Update: Based on @Charlieface 's response below, I used the query suggested and changed it for my specific tables/columns/result info, and got the following:

UPDATE NewReport00 nr
LEFT JOIN LastReport00 lr ON lr.item_no = nr.item_no
SET nr.is_new_latest_run =
    CASE WHEN lr.item_no IS NULL THEN 'New'
         WHEN EXISTS (
             SELECT nr.is_family, nr.family_status
             EXCEPT
             SELECT lr.is_family, lr.family_status
         ) THEN 'Update'
         ELSE 'Same'
    END;

But this got me an error:

[2024-04-03 16:42:49] [42000][1064] You have an error in your SQL syntax; check the manual that corresponds to your MySQL server version for the right syntax to use near 'SELECT lr.is_family, lr.family_status
[2024-04-03 16:42:49] ) THEN 'Update'
[2024-04-03 16:42:49] ELSE 'Sa' at line 8
[2024-04-03 16:42:49] [42000][1064] You have an error in your SQL syntax; check the manual that corresponds to your MySQL server version for the right syntax to use near 'SELECT lr.is_family, lr.family_status
[2024-04-03 16:42:49] ) THEN 'Update'
[2024-04-03 16:42:49] ELSE 'Sa' at line 8

Line 8 is: SELECT lr.is_family, lr.family_status

Not quite sure where to go from here?? @Charlieface, do you have any guidance?

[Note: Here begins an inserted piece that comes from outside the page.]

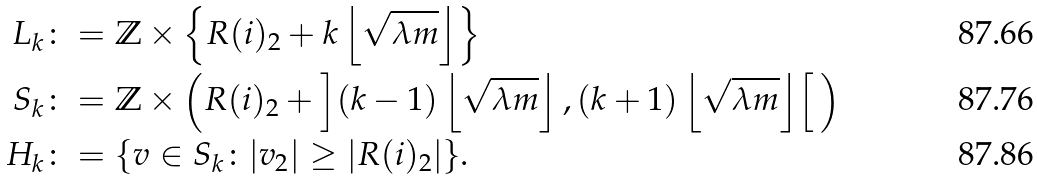Convert formula to latex. <formula><loc_0><loc_0><loc_500><loc_500>L _ { k } & \colon = \mathbb { Z } \times \left \{ R ( i ) _ { 2 } + k \left \lfloor \sqrt { \lambda m } \right \rfloor \right \} \\ S _ { k } & \colon = \mathbb { Z } \times \left ( R ( i ) _ { 2 } + \left ] ( k - 1 ) \left \lfloor \sqrt { \lambda m } \right \rfloor , ( k + 1 ) \left \lfloor \sqrt { \lambda m } \right \rfloor \right [ \, \right ) \\ H _ { k } & \colon = \{ v \in S _ { k } \colon | v _ { 2 } | \geq | R ( i ) _ { 2 } | \} .</formula>

After some research, it turns out that MySQL does not support EXCEPT. Left Join with Distinct is suggested, but I have yet to logic my way through this..... As I'm using MariaDB in MySQL on a Mac M2 Silicon under MAMP, I'll have to work my way through this.

Thanks!

Answers

It seems like you're on the right track with your SQL query, but as you discovered, MySQL doesn't support the EXCEPT operator. However, you can achieve similar functionality using a LEFT JOIN with a DISTINCT clause.

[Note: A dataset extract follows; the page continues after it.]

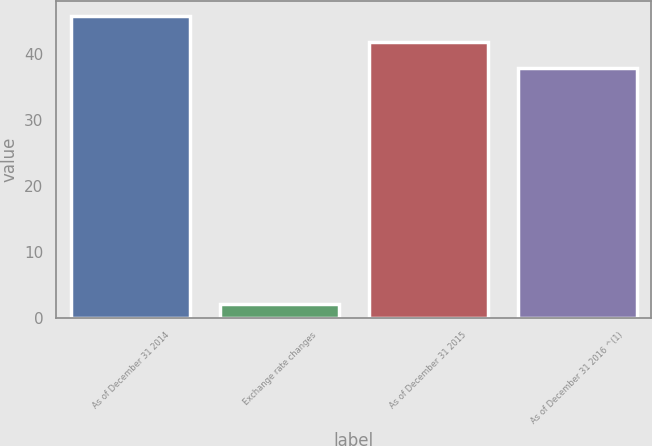<chart> <loc_0><loc_0><loc_500><loc_500><bar_chart><fcel>As of December 31 2014<fcel>Exchange rate changes<fcel>As of December 31 2015<fcel>As of December 31 2016 ^(1)<nl><fcel>45.8<fcel>2<fcel>41.9<fcel>38<nl></chart>

Here's how you can modify your query to work in MySQL:

UPDATE NewReport00 nr
LEFT JOIN LastReport00 lr ON lr.item_no = nr.item_no
SET nr.is_new_latest_run =
    CASE 
        WHEN lr.item_no IS NULL THEN 'New'
        WHEN NOT EXISTS (
            SELECT DISTINCT nr.is_family, nr.family_status
            FROM NewReport00 nr
            WHERE nr.item_no = lr.item_no
            AND nr.is_family = lr.is_family
            AND nr.family_status = lr.family_status
        ) THEN 'Update'
        ELSE 'Same'
    END;

In this query:

  • We use a LEFT JOIN to match rows between the NewReport00 and LastReport00 tables based on the item_no column.
  • The CASE statement checks the conditions:
    • If lr.item_no is NULL, it means the item is new and not in the old report, so we set the status to 'New'.
    • If there are no matching rows in NewReport00 with different values for the specified columns (is_family, family_status), it means the item has been updated, so we set the status to 'Update'.
    • Otherwise, the item is the same as in the old report, so we set the status to 'Same'.
  • We use a DISTINCT clause in the subquery to ensure that we only compare distinct combinations of the specified columns.

This query should work in MySQL and help you update the status column based on the conditions you described.